Recordó el señor Bolaños este martes que la LeCrim data de 1882, y que eso no es de recibo. "Ha llegado el momento de que nuestras normas procesales en el ámbito penal se adapten ya al siglo XXI y dejemos atrás una norma que es del siglo XIX", sentenció el ministro para la Innovación Jurídica.
Cabría replicar que también es del siglo XIX el socialismo, pero en este caso siguen empeñados en preservar la reliquia, aun con la robusta evidencia contraria a su viabilidad política, económica y hasta ontológica.
Se da la ironía de que quienes entienden el orden político como un teléfono inteligente necesitado de sucesivas actualizaciones en su sistema operativo, para mantener engrasada la maquinaria de la perpetua mudanza, son los mismos obsesionados en resucitar una mitología tan caduca y hortera como la de la funesta II República.
No en vano esta izquierda fáustica que hoy desgobierna se asienta sobre el hallazgo de la memoria democrática, artefacto que permite aunar la cancelación del pasado engorroso con la selección de sus mejores momentos adaptados para el público contemporáneo.
Sobre el olvido se cimentó la España democrática y sobre la memoria el nuevo régimen en ciernes (hacia la república española federal-plurinacional), proceso siempre pilotado por el PSOE. El PSOE hizo la España del 78 y el PSOE la deshará.
El PSOE es el partido de la Transición por excelencia. El partido "de la ley a la ley", así Bolaños. Ya lo aclaró el nuevo ideólogo de Sánchez, Manuel Escudero: el felipismo posmoderno es "transición ecológica", "transición digital", "transición demográfica".
Pero a todo este flatus vocis que fetichiza el movimiento perpetuo cabría interrogarle: transición, ¿hacia dónde?
La ideología progresista no se asienta tanto en fines definidos como en valores, principios abstractos. Bebe de un modo de pensamiento utópico inspirado por la máxima de la revolución permanente (trocada ahora en reformismo incesante).
Es la "difusa" e "inocente fe en el progreso" que tan preclaramente diseccionó Manuel García Morente:
"Los hombres se han lanzado febrilmente a la tarea de avanzar, en cualquier sentido que sea, de cualquier modo que sea, perdiendo la noción exacta y sana del orden y jerarquía entre los valores a realizar. La humanidad se cree obligada, moralmente obligada, a correr hasta romperse el corazón".
El progresismo como novolatría es la consagración de la velocidad como bien en sí mismo. Bajo esta noción formalista del progreso, "lo bueno del progreso no es el progreso, sino el progresar, independientemente del contenido que progrese". Lo que cuenta es la carrera en pos de un ideal formal que no es sino la carrera misma.

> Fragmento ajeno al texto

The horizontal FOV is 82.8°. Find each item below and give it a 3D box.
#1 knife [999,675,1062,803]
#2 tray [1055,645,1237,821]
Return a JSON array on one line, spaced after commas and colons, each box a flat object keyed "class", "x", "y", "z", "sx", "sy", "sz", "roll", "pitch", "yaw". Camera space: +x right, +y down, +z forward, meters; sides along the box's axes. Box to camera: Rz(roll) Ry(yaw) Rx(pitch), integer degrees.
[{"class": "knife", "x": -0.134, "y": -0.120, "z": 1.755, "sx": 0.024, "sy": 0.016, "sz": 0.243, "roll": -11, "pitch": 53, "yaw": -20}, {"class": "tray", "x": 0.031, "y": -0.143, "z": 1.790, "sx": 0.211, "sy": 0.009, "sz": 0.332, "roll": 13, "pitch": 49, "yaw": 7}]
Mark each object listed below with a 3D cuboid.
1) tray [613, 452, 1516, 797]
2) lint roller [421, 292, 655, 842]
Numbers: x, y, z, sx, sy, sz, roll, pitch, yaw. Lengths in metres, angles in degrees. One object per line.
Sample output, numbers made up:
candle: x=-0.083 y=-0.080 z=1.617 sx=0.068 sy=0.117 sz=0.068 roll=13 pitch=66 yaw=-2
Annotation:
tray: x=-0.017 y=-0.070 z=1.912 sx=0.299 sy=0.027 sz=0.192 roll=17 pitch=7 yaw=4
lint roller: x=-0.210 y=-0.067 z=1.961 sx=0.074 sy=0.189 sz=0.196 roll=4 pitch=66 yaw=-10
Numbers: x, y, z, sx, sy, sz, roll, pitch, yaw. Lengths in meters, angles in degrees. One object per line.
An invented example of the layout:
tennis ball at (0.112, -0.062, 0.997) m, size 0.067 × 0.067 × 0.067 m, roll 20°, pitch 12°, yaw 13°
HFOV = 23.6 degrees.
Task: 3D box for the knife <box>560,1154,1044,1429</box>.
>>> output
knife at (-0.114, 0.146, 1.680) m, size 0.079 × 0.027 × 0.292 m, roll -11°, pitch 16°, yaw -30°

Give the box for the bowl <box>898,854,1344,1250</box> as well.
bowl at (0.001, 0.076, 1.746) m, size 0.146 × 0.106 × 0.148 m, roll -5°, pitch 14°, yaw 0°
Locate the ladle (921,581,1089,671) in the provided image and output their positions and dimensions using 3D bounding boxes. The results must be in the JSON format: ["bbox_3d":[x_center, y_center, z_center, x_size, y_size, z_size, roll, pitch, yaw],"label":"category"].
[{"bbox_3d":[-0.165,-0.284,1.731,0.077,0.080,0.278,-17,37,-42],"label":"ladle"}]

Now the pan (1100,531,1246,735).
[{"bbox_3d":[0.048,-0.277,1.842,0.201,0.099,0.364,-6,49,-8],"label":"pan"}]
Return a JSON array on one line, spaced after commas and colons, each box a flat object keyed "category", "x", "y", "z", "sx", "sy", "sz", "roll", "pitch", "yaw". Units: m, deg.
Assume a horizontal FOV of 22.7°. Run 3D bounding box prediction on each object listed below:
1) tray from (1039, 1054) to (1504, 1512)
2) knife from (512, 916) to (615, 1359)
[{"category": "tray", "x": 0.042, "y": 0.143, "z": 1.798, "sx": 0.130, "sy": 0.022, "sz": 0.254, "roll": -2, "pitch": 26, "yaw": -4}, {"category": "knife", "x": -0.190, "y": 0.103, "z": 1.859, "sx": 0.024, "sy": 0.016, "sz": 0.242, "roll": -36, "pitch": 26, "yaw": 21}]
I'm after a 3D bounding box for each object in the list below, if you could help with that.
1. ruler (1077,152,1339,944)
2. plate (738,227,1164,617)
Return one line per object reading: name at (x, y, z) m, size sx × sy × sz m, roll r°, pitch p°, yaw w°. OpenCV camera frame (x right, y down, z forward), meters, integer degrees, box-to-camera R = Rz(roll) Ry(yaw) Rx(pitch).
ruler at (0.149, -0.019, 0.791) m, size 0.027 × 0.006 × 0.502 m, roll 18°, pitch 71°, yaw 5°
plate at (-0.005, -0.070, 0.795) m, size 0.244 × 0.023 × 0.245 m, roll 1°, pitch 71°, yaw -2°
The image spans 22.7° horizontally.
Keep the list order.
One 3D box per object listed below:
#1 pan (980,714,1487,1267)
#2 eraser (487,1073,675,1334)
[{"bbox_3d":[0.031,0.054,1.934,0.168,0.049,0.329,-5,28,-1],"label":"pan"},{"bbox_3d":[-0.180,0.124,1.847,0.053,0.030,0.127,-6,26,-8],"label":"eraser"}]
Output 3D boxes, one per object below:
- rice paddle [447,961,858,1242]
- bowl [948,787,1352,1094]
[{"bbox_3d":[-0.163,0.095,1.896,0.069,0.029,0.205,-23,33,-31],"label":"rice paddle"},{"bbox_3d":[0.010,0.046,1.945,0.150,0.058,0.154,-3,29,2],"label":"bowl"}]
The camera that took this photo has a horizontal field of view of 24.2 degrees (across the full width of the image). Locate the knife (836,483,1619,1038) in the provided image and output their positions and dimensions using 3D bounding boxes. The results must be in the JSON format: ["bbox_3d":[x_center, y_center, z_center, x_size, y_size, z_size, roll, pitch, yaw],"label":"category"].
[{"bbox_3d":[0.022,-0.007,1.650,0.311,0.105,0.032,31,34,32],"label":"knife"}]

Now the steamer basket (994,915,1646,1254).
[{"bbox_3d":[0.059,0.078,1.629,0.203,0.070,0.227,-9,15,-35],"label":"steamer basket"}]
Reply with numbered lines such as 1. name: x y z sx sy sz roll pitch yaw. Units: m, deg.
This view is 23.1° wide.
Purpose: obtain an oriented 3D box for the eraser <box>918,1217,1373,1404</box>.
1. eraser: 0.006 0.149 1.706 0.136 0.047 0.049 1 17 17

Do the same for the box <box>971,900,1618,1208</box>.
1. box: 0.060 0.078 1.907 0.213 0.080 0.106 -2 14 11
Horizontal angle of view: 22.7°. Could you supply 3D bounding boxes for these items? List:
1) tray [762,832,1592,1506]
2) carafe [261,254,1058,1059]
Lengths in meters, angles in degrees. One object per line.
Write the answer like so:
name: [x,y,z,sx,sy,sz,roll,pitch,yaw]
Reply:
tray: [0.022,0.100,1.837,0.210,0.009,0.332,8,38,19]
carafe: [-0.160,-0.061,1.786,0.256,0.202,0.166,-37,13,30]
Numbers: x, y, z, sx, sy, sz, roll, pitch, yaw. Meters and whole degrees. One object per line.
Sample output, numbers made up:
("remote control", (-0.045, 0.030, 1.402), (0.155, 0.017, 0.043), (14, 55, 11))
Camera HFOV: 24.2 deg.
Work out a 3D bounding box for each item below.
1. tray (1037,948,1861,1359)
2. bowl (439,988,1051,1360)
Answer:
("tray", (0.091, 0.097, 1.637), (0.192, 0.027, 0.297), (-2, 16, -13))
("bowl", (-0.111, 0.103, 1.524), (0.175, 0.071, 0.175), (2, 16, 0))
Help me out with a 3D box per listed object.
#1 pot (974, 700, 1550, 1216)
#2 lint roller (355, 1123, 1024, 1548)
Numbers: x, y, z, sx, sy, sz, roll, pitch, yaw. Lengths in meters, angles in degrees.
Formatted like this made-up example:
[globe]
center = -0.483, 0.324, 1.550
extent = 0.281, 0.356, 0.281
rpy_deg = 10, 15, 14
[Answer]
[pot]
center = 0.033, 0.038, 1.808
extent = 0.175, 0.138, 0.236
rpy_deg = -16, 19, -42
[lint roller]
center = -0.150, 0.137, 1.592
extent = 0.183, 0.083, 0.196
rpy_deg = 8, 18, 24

El progresismo filisteo no fija sus ojos en un horizonte determinado, sino "simplemente en el puro mañana, en la pura fe de un mejor futuro, que acentúa tanto más la insuficiencia del presente".
Contemplada la realidad política bajo la especie del devenir voluntarista, todo aquello que lo entorpezca queda reducido a la categoría de obstáculo. Todo lo heredado pasa a verse como "modalidades caprichosas" que deben someterse a la racionalización de la sociedad según criterios apriorísticos.
Este afán aspiracionista, recuerda García Morente, es "por esencia insaciable".
En una confesión inadvertida del carácter escatológico de los paraísos artificiales socialistas, aseguró Escudero que, después de todas estas transformaciones, "hay un final feliz".
Pero para el progresar puro, la transición hacia la democracia plena nunca se completa. No puede haber un término para este asintótico camino de perfección mundano. Por eso está decidido Bolaños a "seguir avanzando en derechos para la ciudadanía".
Frente al proverbio de "cualquier tiempo pasado fue mejor", el progresismo presupone que todo mañana, por el simple hecho de serlo, ha de ser mejor que hoy. No hay vigencia en lo recibido, sino pura obsolescencia.
Al final, lo único que va a quedar del siglo XIX es el PSOE.